Islam sebagai agama sempurna (syumul) telah datang
dengan konsep yang jelas tentang hubungan suci antara lelaki dan perempuan
melalui pernikahan. Ikatan suci tersebut merupakan amal ibadah dalam rangka
menyempurnakan setengah agama. Islam adalah agama romansa yang mengatur dengan
sangat apik hubungan suami-istri. Literatur fiqih dalam bab munakahatnya
telah mengupas banyak bagaimana muamalah yang sehat antara suami-istri.
Selayaknya masa-masa muda dimanfaatkan pada kesibukan
menuntut ilmu, sebagaimana jalan yang ditempuh para ulama shalafush shalih.
Para ulama pada masa mudanya dipenuhi cinta yang membara pada ilmu. Tak heran jika ada ulama yang telah sampai pada
tahap kenikmatan beilmu yang luar biasa sehingga lupa untuk menikah.

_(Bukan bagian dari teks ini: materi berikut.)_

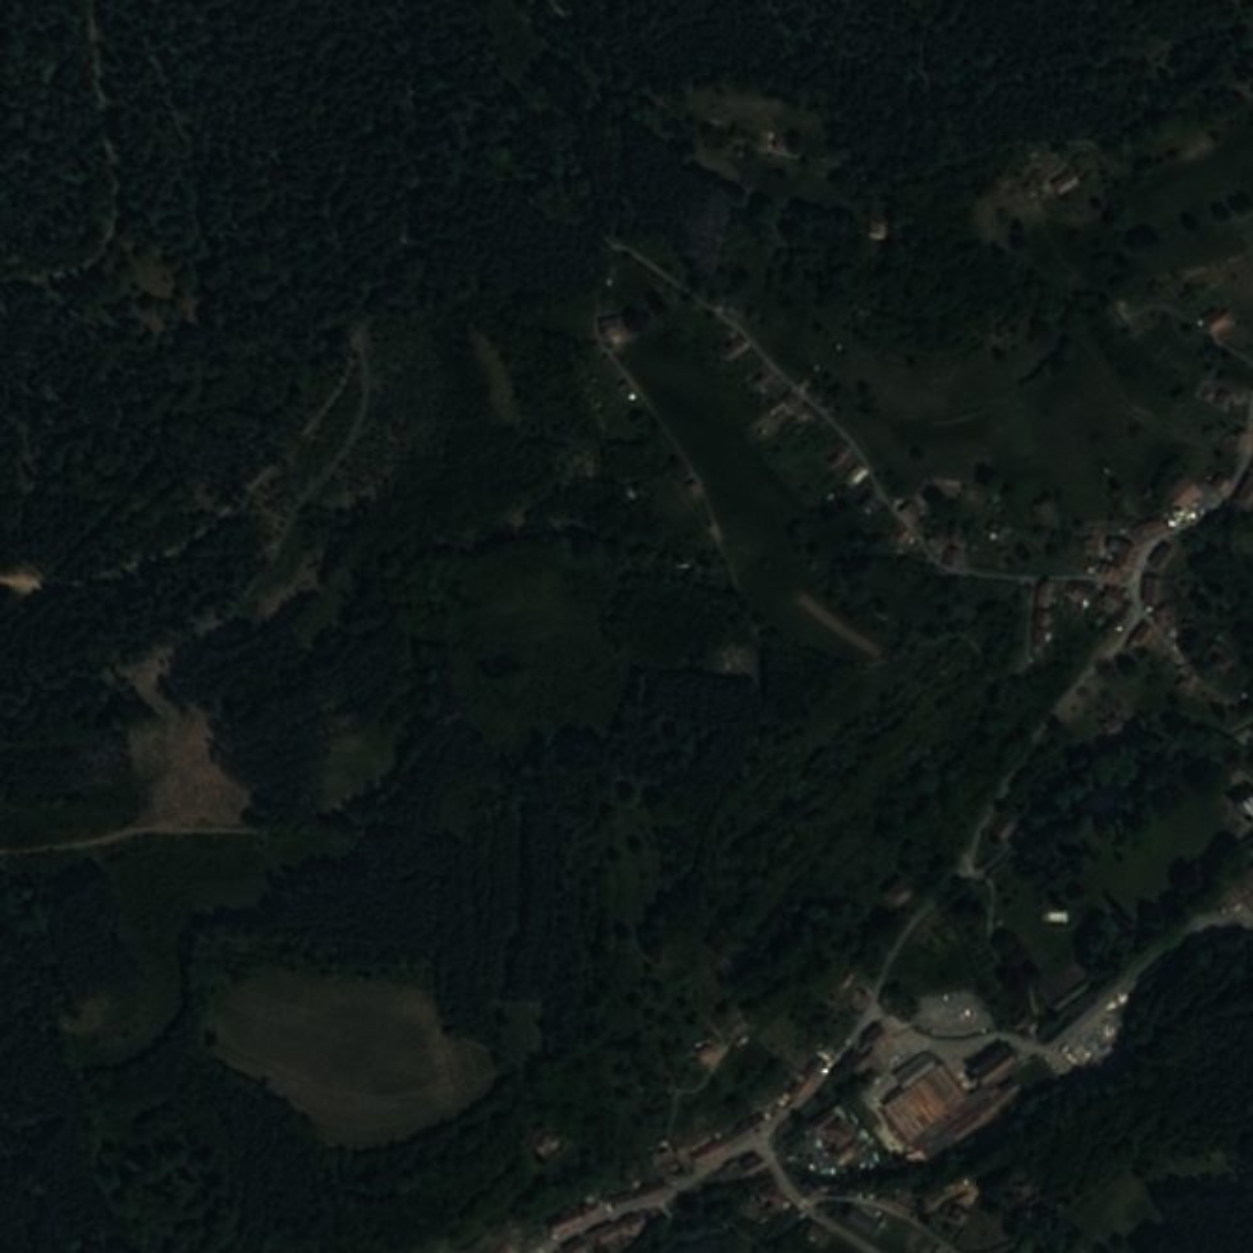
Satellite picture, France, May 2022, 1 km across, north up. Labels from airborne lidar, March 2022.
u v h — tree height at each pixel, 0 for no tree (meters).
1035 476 0
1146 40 12
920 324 8
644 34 27
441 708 28
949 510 10
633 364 0
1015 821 0
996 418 0
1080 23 15
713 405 0
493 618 0
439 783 31
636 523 10
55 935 28
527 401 15
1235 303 0
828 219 23
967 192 21
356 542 8
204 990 20
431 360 8
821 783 10
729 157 0
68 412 28
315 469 6
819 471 0
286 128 28
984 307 14
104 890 29
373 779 0
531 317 19
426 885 31
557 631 0
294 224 30
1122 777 16
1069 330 16
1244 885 0
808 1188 0
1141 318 0
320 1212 26
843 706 0
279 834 14
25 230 33
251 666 30
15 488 14
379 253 37
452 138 29
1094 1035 0
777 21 16
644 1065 20
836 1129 0
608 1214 0
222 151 11
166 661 0
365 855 31
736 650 0
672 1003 10
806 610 0
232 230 36
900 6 18
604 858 12
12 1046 30
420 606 26
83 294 34
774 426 0
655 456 9
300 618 20
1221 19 12
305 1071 0
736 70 19
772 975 16
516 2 39
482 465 7
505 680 29
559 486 9
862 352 0
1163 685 11
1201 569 12
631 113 22
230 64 32
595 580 0
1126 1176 0
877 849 23
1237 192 0
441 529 6
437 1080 0
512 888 10
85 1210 32
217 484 8
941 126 20
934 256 22
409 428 6
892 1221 0
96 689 34
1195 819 0
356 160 35
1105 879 0
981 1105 0
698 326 0
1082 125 24
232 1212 24
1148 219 0
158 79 12
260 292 33
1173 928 25
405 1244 19
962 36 14
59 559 21
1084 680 0
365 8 35
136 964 23
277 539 7
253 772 32
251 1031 0
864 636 0
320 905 31
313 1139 9
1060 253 0
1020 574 0
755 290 0
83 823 0
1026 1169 10
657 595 10
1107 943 26
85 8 20
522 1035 0
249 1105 20
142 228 13
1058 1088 18
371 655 26
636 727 16
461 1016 7
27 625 20
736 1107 11
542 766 31
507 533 7
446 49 28
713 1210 13
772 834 15
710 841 16
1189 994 17
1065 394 0
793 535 11
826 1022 11
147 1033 0
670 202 35
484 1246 0
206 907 0
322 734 31
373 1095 0
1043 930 0
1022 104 23
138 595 32
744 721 23
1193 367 0
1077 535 11
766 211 23
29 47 35
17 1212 36
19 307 30
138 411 20
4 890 25
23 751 21
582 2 21
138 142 30
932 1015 0
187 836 0
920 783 22
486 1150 17
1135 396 0
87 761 22
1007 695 17
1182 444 0
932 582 8
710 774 19
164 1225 31
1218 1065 13
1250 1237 28
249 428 36
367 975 14
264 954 0
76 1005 25
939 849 7
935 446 0
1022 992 14
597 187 33
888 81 17
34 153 33
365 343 0
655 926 15
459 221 39
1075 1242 23
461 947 20
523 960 21
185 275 17
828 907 32
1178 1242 30
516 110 29
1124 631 0
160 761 0
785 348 0
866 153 24
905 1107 0
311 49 30
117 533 22
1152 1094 16
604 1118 22
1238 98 12
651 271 0
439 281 33
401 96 29
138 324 12
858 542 13
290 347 34
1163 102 19
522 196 29
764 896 20
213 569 11
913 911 10
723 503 0
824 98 14
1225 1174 0
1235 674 6
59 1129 30
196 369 20
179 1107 11
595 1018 10
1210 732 18
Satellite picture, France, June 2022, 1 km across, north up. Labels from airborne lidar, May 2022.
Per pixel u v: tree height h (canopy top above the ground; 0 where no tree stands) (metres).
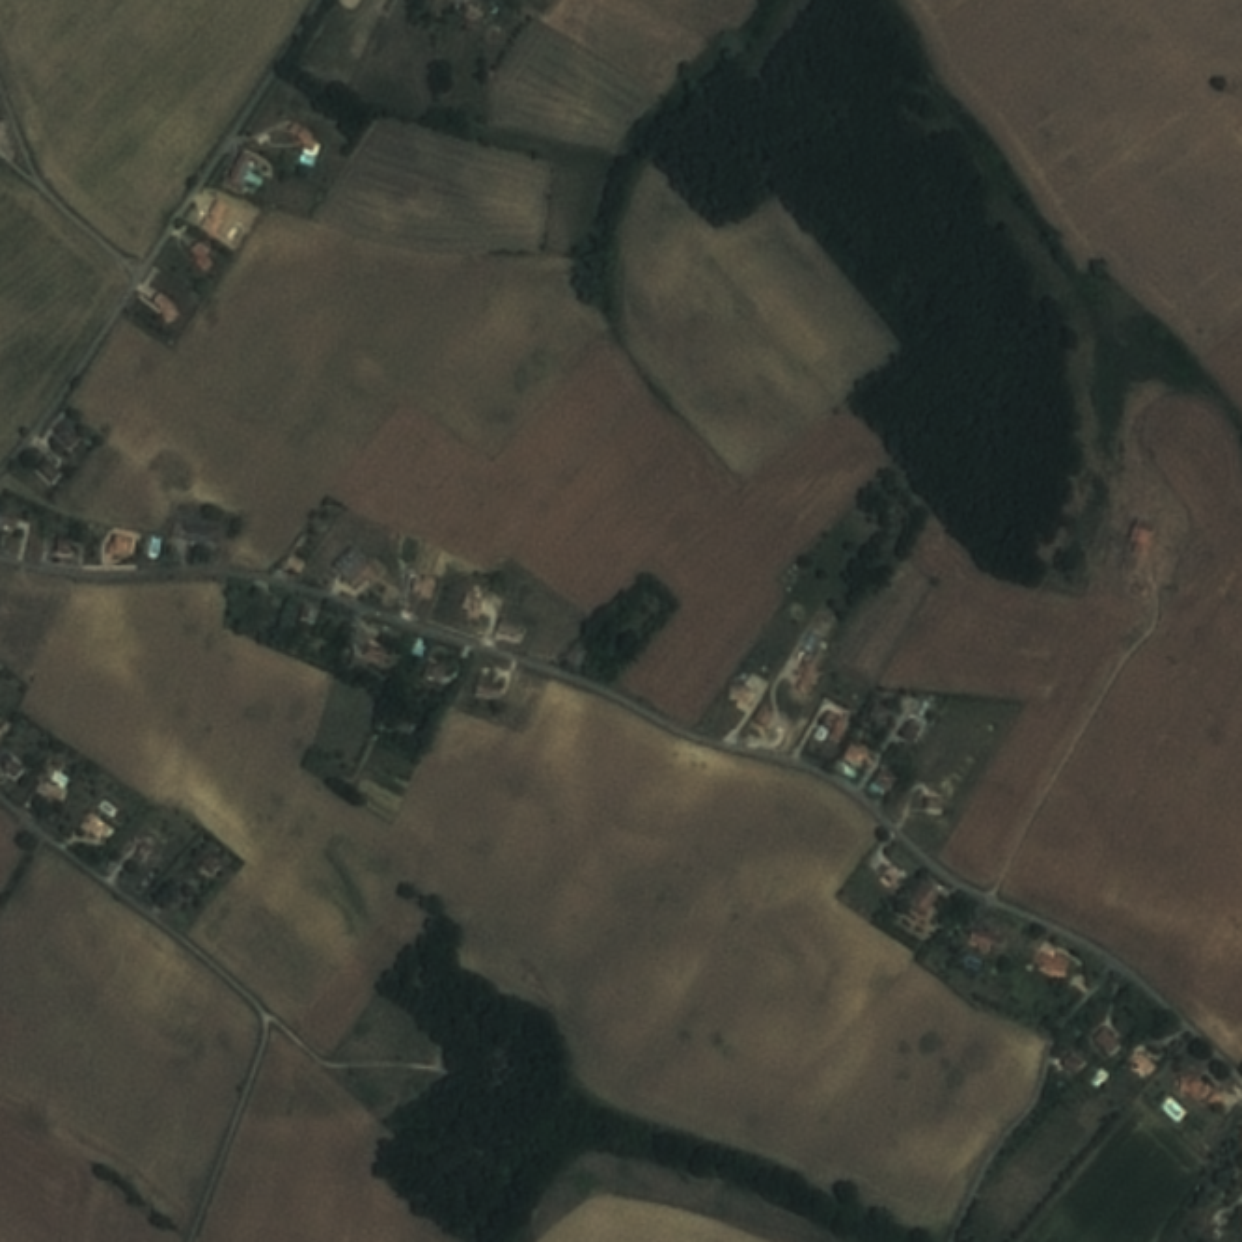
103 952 0
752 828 0
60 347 0
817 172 16
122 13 0
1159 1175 0
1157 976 0
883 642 0
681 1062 0
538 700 0
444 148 0
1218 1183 14
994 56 0
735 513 0
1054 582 0
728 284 0
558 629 0
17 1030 0
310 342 0
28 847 15
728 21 0
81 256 0
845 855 0
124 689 0
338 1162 0
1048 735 0
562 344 0
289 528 0
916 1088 0
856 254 17
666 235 0
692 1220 0
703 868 0
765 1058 0
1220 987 0
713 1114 0
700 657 0
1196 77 0
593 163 0
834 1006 0
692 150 20
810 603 0
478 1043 7
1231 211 0
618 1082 0
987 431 17
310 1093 0
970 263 18
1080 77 0
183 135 0
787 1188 14
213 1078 0
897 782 8
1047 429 18
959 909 11
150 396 0
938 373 17
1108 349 0
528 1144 16
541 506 0
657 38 0
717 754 0
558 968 0
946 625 0
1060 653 0
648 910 0
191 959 0
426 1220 12
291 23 0
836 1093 0
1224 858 0
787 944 0
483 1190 20
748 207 18
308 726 0
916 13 0
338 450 0
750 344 0
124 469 0
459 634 0
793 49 18
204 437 0
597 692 0
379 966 0
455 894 0
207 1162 0
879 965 0
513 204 0
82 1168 0
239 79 0
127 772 0
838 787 0
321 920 0
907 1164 0
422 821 0
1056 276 0
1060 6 0
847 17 20
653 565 0
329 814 0
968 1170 0
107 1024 0
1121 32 0
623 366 0
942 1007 0
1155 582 0
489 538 0
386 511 0
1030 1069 0
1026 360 18
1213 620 0
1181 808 0
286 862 0
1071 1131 0
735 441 0
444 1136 15
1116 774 0
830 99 16
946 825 0
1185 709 0
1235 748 0
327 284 0
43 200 0
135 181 0
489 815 0
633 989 0
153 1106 0
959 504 16
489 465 0
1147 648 0
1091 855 0
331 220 0
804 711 0
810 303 0
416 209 0
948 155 17
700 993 0
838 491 0
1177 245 0
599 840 0
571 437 0
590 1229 0
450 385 0
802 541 0
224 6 0
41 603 0
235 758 0
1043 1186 0
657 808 0
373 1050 0
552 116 0
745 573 0
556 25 0
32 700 0
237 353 0
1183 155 0
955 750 0
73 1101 0
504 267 0
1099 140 0
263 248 0
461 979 17
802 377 0
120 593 0
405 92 0
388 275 0
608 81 0
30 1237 0
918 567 0
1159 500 0
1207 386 0
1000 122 0
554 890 0
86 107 0
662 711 0
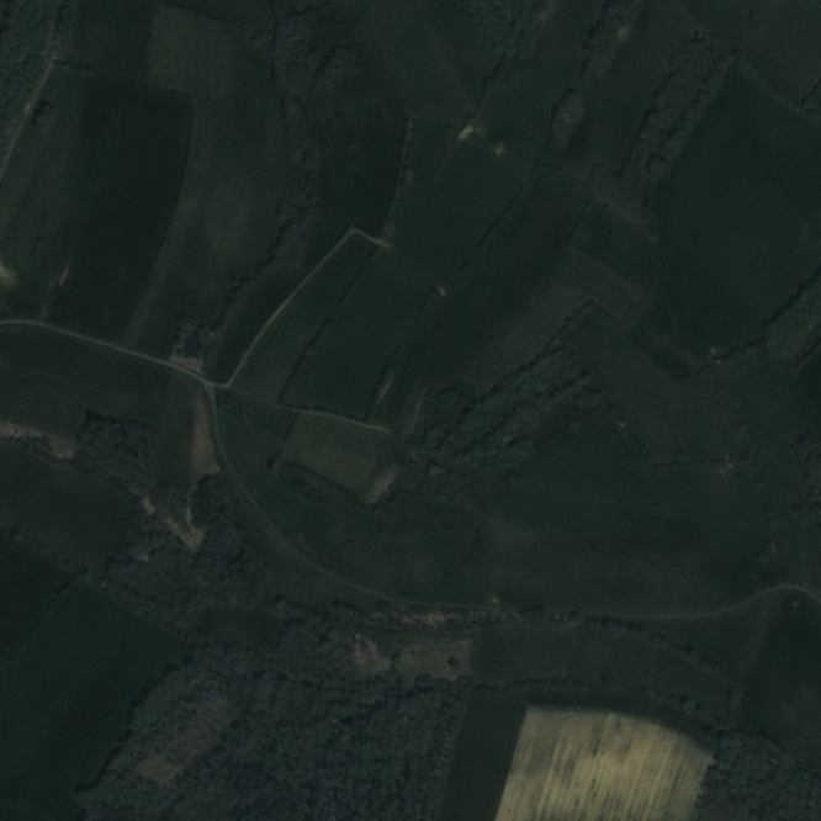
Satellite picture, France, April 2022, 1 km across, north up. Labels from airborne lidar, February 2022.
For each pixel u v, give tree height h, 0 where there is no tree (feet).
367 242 0
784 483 0
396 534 0
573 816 0
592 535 0
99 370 0
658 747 0
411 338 0
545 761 0
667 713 0
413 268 0
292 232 63
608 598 0
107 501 0
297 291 0
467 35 0
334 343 0
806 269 0
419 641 0
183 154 0
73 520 0
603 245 0
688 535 0
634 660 0
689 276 0
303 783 88
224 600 50
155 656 0
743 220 0
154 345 0
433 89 0
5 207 0
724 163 0
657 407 0
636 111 0
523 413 68
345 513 0
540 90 0
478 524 0
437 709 65
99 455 63
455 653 0
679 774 0
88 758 0
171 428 0
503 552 0
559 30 0
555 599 0
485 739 0
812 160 0
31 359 0
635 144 33
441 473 33
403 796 64
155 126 0
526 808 0
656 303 0
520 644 0
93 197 0
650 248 0
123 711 0
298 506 0
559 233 0
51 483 0
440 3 0
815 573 0
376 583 0
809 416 0
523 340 0
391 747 101
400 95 0
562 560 0
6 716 0
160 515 22
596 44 66
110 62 0
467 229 0
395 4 0
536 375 48
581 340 0
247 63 0
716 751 0
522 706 0
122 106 0
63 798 0
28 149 0
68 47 64
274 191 0
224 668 81
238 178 0
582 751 0
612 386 0
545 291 0
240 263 0
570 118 47
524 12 65
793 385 0
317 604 0
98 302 0
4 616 0
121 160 0
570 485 0
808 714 0
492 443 42
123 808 81
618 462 0
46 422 0
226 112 0
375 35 0
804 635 0
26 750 0
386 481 0
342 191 0
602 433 0
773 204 0
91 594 0
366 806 91
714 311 0
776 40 0
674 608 0
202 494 0
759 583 0
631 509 0
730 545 0
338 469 0
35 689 0
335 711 65
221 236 0
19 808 0
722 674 59
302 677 72
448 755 79
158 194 0
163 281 0
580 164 0
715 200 0
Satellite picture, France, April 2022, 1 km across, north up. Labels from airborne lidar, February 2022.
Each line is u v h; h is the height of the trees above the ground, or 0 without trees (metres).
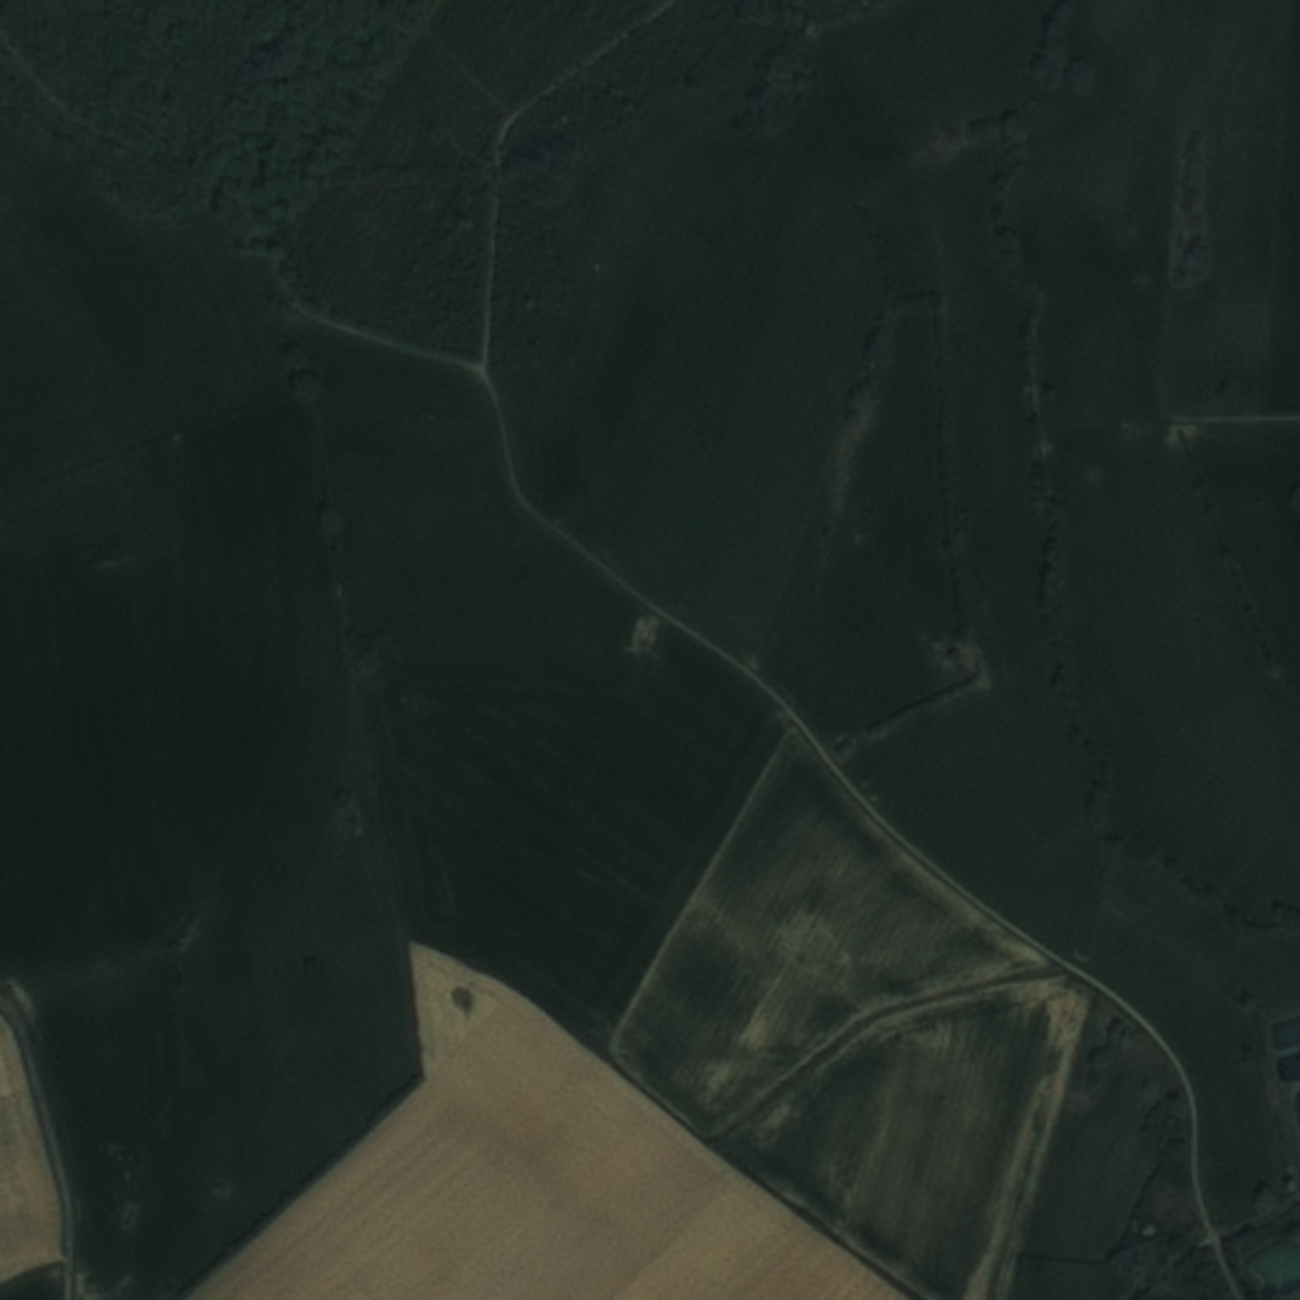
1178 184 0
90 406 0
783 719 0
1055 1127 0
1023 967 0
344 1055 0
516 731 0
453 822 0
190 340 0
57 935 0
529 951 0
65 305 0
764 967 0
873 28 0
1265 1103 0
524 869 0
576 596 0
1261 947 0
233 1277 0
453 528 0
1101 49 0
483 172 9
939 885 0
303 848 0
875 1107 0
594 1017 0
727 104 0
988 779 0
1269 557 0
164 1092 0
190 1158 0
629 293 0
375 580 0
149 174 18
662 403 0
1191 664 0
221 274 0
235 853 0
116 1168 0
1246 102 0
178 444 0
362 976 0
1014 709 0
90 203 0
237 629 0
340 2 25
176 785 0
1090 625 0
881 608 0
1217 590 0
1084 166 0
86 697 0
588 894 0
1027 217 0
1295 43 0
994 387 0
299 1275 0
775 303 0
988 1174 0
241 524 0
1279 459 0
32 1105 0
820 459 0
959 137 14
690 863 0
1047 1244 0
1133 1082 0
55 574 0
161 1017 0
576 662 0
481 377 0
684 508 0
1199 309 0
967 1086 0
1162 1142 7
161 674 0
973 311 0
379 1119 10
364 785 0
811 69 9
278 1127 0
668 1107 0
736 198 0
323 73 22
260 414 0
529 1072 0
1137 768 0
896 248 0
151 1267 0
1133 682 0
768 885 0
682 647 0
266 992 0
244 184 18
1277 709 0
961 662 9
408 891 0
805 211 0
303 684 0
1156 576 0
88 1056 0
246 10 20
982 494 0
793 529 0
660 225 0
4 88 23
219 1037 0
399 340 8
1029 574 0
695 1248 0
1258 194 0
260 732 0
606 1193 0
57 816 0
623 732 0
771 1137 0
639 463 0
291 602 0
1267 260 0
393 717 0
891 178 0
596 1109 0
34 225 0
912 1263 0
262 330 0
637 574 0
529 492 0
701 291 0
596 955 0
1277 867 0
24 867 0
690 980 0
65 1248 0
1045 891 0
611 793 0
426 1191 0
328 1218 0
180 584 0
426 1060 0
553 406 0
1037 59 8
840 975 0
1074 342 0
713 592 0
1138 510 0
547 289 10
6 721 0
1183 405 0
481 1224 0
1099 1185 0
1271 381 0
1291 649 0
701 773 0
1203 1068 0
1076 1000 0
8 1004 0
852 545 0
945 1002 0
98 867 0
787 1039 0
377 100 25
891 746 0
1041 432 13
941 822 0
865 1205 0
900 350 0
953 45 0
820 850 0
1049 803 0
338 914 0
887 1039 0
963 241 0
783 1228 0

Ibarat sebuah tanaman, maka Valentine Day adalah tanaman
berduri yang sangat membahayakan. Ia akan terus menjalar, korbannya adalah pada
generasi-generasi hijau yang tak menahu apa. Lebih dari itu, Valentine Day
adalah tanaman penuh racun yang membawa penyakit bagi tanaman-tanaman lain.
Membabatnya adalah dengan agama. Para orang tua harus
turun tangan mengawal anak-anaknya. Yakni mengajarkan mereka dasar-dasar agama,
sehingga tahu membedakan mana yang halal dan haram. Serta mengantar mereka ke
lembaga-lembaga pendidikan agama agar terselamat dari pengaruh tradisi
jahiliyah ini.
Aceh sebagai satu-satunya wilayah yang punya wewenang
menerapkan syari’at Islam sangat naïf jika ikut terjangkiti virus Valantine
Day. Generasi muda Aceh perlu kita selamatkan semenjak dini. Aceh mau tidak mau
harus menyiapkan generasi yang alim rabbani
dan generasi penghafal Al-quran yang mengerti hukum-hukum Islam. Bukan generasi
Valentinisme yang jauh dari ruh agama . Lebih dari itu Aceh harus berdiri di
garda depan membabat Valentine Day di Indonesia.
Menguak kembali kisah Lupercalia dan Valentine sama saja
dengan menelanjangi sejarah Kristen Eropa. Maka kita akan menemukan bentuk
kebodohan mereka yang berlipat ganda. Jika Valentine Day yang mewarisi semangat
lupercalia berhasil menginjak Nusantara, maka ini merupakan musibah besar, dan
sebaliknya menjadi kemenangan bagi kaum salibis. Luka perang salib belum sembuh
benar, Lupercalia akan terus bereforia mengusik generasi muda. Babat
Lupercalia, babat Valentine Day sebelum menyara di tanah pusaka.